The Vendor Gap Nobody Wants to Talk About

A cottage industry of GEO (generative engine optimization) vendors is emerging. Share of Model, built by Brandtech Group, monitors how LLMs like ChatGPT, Gemini, and Claude describe your brand relative to competitors. Peec AI tracks citation patterns and sentiment across AI platforms. Semrush, BrightEdge, and others have bolted AI visibility features onto existing platforms.

But I'd push back on the "just buy a tool" crowd here: none of these solutions seem mature enough for enterprise at the scale Pfizer or U.S. Bank needs. Most of them launched in the last 12 months. The methodologies aren't standardized. There's no consensus on what "AI search share of voice" even means, let alone how to measure it consistently across five or six different LLMs that update their models every few weeks.

That immaturity is the actual reason brands are building in-house. It's not the usual "we can do it cheaper" story. The vendor ecosystem hasn't caught up to the problem yet. If you're Pfizer and your brand's visibility in AI search directly affects how patients find information about treatments, you can't wait for the tools to mature. You build the team and figure it out in real time.

We wrote recently about how AI visibility tools that cost $500 a month can be replicated for about $100 with DIY scripts. That piece was aimed at smaller teams. What Pfizer is doing is the enterprise version of the same instinct: when the market doesn't have what you need, you build it yourself.

What Mid-Market Teams Can Do Without a Six-Figure Headcount

Not every brand has the budget for a five-person internal GEO team. And honestly, most don't need one yet. But the direction is clear, and there are concrete things you can do this week.

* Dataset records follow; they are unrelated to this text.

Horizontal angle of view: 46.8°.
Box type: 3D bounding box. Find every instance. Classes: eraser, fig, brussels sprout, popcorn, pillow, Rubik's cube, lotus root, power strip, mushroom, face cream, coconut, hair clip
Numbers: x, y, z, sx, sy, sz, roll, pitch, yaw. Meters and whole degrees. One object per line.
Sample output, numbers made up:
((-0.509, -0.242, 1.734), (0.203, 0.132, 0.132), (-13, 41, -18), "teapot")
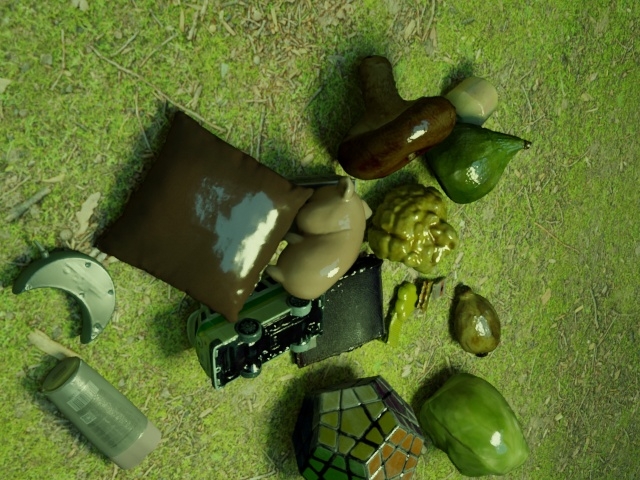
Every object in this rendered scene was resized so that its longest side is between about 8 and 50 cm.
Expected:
((-0.050, -0.070, 1.580), (0.279, 0.081, 0.124), (-9, 110, -38), "eraser")
((0.377, -0.209, 1.768), (0.235, 0.203, 0.203), (-30, 129, 11), "fig")
((0.422, 0.515, 2.047), (0.247, 0.328, 0.328), (-30, 126, 1), "brussels sprout")
((0.229, -0.028, 1.748), (0.226, 0.203, 0.200), (-8, 121, -58), "popcorn")
((-0.212, -0.042, 1.394), (0.305, 0.108, 0.308), (32, 89, -17), "pillow")
((0.086, 0.472, 1.759), (0.264, 0.319, 0.319), (17, 95, -17), "Rubik's cube")
((0.432, 0.226, 2.062), (0.138, 0.138, 0.214), (-35, 113, -26), "lotus root")
((-0.452, 0.083, 1.326), (0.137, 0.044, 0.216), (-50, 130, -15), "power strip")
((0.137, -0.238, 1.590), (0.267, 0.254, 0.267), (-53, 169, -15), "mushroom")
((-0.419, 0.337, 1.423), (0.107, 0.073, 0.269), (-42, 128, -14), "face cream")
((0.365, -0.330, 1.811), (0.122, 0.116, 0.116), (-41, 127, -28), "coconut")
((0.202, 0.189, 1.905), (0.072, 0.046, 0.173), (31, 83, -46), "hair clip")

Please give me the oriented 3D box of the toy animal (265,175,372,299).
((0.005, 0.001, 1.487), (0.250, 0.154, 0.166), (-64, 175, -7), "toy animal")

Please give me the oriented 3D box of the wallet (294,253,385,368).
((0.042, 0.166, 1.759), (0.262, 0.071, 0.221), (-20, 122, -30), "wallet")

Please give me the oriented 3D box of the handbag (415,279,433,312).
((0.274, 0.146, 1.945), (0.061, 0.027, 0.083), (-11, 114, -70), "handbag")

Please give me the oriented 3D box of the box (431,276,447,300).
((0.319, 0.129, 1.983), (0.083, 0.012, 0.046), (-22, 121, -58), "box")

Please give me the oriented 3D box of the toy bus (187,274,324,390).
((-0.139, 0.174, 1.538), (0.276, 0.164, 0.134), (-23, 133, -31), "toy bus")

First, run a basic AI visibility audit. Ask ChatGPT, Gemini, and Perplexity the five questions your customers ask most about your category. Note whether your brand appears in the responses, what sources get cited, and what the sentiment looks like. This takes about 20 minutes. If your brand doesn't show up for any of them, that's your baseline and your problem statement in one.

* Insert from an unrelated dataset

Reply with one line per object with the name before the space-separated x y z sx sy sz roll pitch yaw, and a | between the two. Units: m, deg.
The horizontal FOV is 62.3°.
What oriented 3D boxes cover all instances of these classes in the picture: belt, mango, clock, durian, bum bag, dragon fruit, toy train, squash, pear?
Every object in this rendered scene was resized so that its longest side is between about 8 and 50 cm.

Second, track citation sources. The brands winning in AI search tend to get cited from specific types of content: Reddit discussions, expert roundups, original research, and product documentation. Pull your last quarter of content and ask honestly whether any of it is the kind of source an LLM would reach for. If it's all blog posts rewriting the same talking points as everyone else, it probably won't get cited. From what I've seen, original data and genuine expert perspective are what the models seem to favor.

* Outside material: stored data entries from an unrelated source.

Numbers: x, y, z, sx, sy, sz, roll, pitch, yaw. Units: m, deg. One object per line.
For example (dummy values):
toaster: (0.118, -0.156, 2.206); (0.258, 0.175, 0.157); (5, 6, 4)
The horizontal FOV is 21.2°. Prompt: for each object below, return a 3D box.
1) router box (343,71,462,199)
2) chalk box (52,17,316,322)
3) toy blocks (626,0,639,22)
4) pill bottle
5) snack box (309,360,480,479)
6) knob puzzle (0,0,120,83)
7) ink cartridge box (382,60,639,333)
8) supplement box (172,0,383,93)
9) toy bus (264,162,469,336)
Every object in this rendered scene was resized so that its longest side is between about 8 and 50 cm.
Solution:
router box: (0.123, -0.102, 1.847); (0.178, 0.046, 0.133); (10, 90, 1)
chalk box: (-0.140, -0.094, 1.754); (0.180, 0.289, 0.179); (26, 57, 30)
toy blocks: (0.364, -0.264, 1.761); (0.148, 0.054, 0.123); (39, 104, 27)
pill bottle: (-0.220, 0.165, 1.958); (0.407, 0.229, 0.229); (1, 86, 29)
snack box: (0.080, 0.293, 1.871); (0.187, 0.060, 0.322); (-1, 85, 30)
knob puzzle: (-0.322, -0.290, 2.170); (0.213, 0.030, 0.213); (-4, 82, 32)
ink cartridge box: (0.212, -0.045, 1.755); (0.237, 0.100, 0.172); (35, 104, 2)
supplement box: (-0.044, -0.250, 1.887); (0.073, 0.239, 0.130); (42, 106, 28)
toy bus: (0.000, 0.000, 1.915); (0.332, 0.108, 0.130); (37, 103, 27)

Third, check your entity clarity. LLMs struggle with brands that don't have clean, consistent entity data across the web. If your Wikipedia page, LinkedIn company profile, and Google Business listing all describe you slightly differently, the model will pick whichever description it trusts most. That might not be the one you'd choose.

The 18-Month Window Before the Fortune 500 Catches Up

My prediction: by Q4 2027, at least 60 percent of Fortune 500 companies will have a dedicated AI search visibility role. Right now, maybe 15 to 20 percent do. That gap is where the advantage lives for brands willing to move now.

The brands building these teams today aren't smarter. They're just the ones who noticed that organic search traffic started evaporating and didn't wait for their agency to bring it up in a quarterly review.

Pfizer built a team in 60 days. That's fast for a pharmaceutical company that normally takes months to approve a slide deck. It's also a signal that the urgency is real.

I don't think every brand needs to go full in-house on this. But every marketing team needs someone who understands how LLMs select and cite sources, and who checks whether the brand is showing up in AI answers at least once a month. That person might be your existing SEO lead with some new tools. It might be a consultant. What it shouldn't be is nobody.

The gap between brands monitoring their AI search presence and brands ignoring it is about to get very obvious in the traffic reports. And in most cases, by the time you see it there, you're already months behind.